The Canadians in Sicily - Part Two

Piazza Armerina


On 16th July, the 2nd Canadian Infantry Brigade was moving towards Piazza Armerina, which was defended by units from the 15th Panzergrenadier Division. As usual, the Germans had selected good positions with a commanding view of the road leading to the town. Coming under heavy fire, the Loyal Eddies were ordered to move up and clear out the enemy on the high ground. Progress was slow as the enemy fought tenaciously, and it was not until artillery support was finally brought up that the Canadians gained the upper hand. The town was finally secured by 6 am the following morning after the Canadians had suffered 27 casualties. Once again, the enemy had fought an effective delaying action, holding up the Canadian Division for 24 hours. It was not until noon on the 17th that the 3rd Canadian Brigade was able to push through the town and take the lead in the advance towards Enna.
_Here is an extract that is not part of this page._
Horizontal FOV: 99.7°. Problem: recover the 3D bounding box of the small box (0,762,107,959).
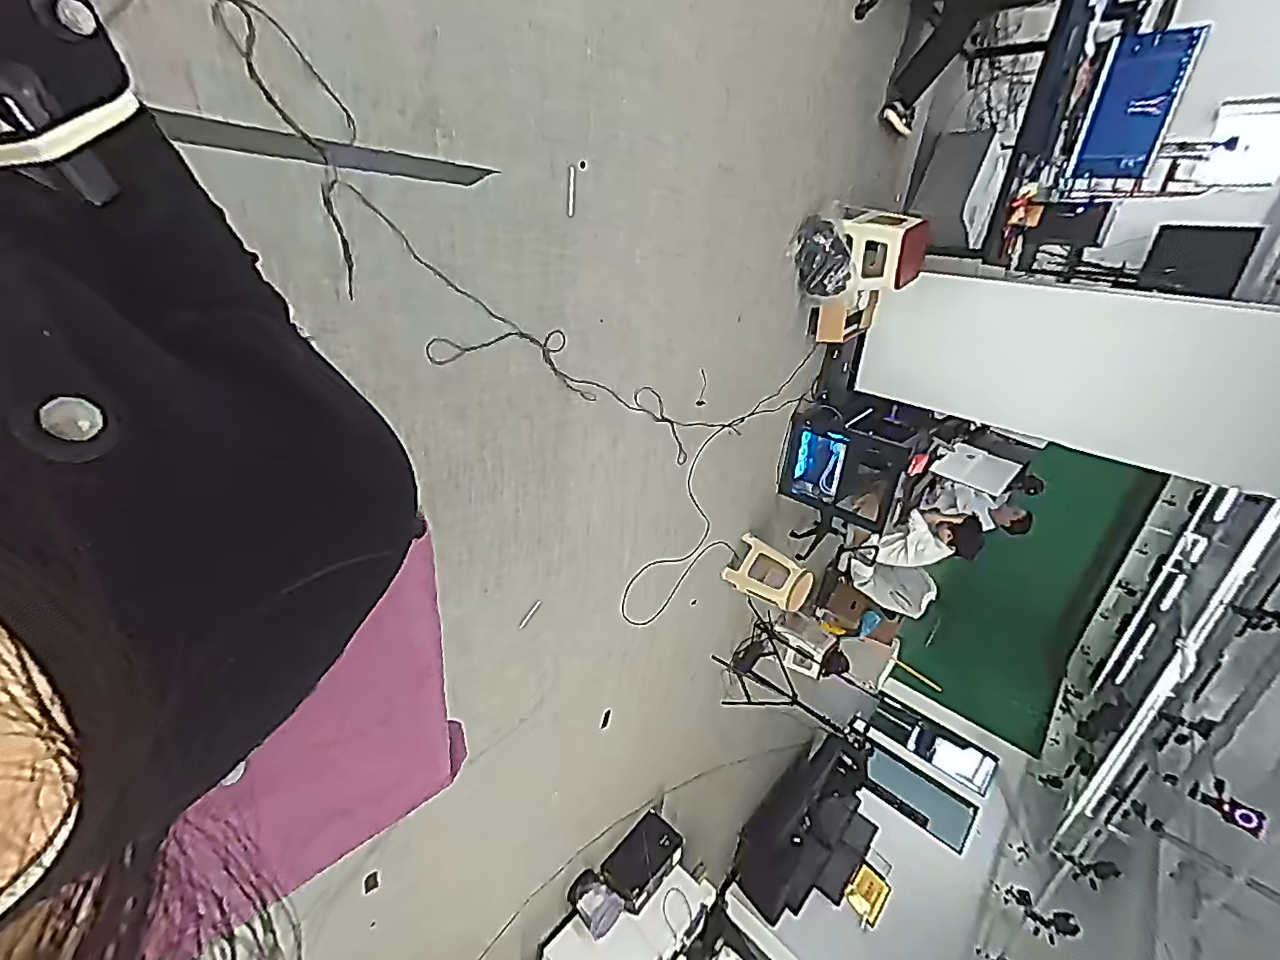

Lt. Col. R.M. Crowe and Maj. J.H.W. Pope - Commanding Officer and battalion second-in-command of The Royal Canadian Regiment, near Piazza Armerina. Both men would be killed in action during the Sicilian Campaign.

Valguarnera


As the 3rd Brigade approached Enna later that day, it reached a fork in the road, which was overlooked by Monte della Forma, an 800-metre-high peak. At its top was the 104th Panzergrenadier Regiment of the 15th Panzergrenadier Division, lying in wait to prevent the Canadians from going both left towards Enna or right to Valguarnera. While the 3rd Brigade soon found itself caught up in a difficult battle, Major General Simonds dispatched the 1st Brigade off to the east to outflank the town of Valguarnera in a difficult night-time cross-country march over steep terrain, without any artillery or tank support.


Men from Princess Patricia's Canadian Light Infantry march through the streets of Valguarnera.

Having successfully completed this manoeuvre, the Hasty P's managed to reach the outskirts of Valguarnera by dawn the next day, but after setting up a couple of roadblocks and taking some prisoners, they were forced to retreat back into the hills when artillery up in the town opened up on them. In the meantime, though, fearing that their line of retreat was about to be cut off, the Germans on top of Monte della Forma had started to pull back, enabling the 3rd Brigade to resume its advance after having been held up for fourteen hours. The RCR was sent to assault Valguarnera, but it was not until after dark that the town was finally secured by the 1st Battalion, 48th Highlanders of Canada. The Canadian Division had suffered 145 casualties, 40 of whom had been killed, although German and Italian losses were heavier: Between 180 to 240 killed and around 280 captured. Simonds now decided to bypass Enna, instead directing the 1st Canadian Brigade to Assoro and the 2nd Brigade to Leonforte.


Assoro


Although the Canadians had been making steady progress, the Eight Army was struggling to pierce the Hauptkampflinie in the eastern part of its sector, where XIII Corps had become bogged down on the north bank of the Simeto river, on the southern edge of the Plain of Catania. In the centre, the 51st (Highland) Division was also facing stiff resistance in the area of Gerbini, and thus, the Eight Army’s last hope of breaking through now rested with the Canadians on its left flank. Here, the Hauptkampflinie was anchored by a series of mountaintop towns, the westernmost of which were Assoro and Leonforte.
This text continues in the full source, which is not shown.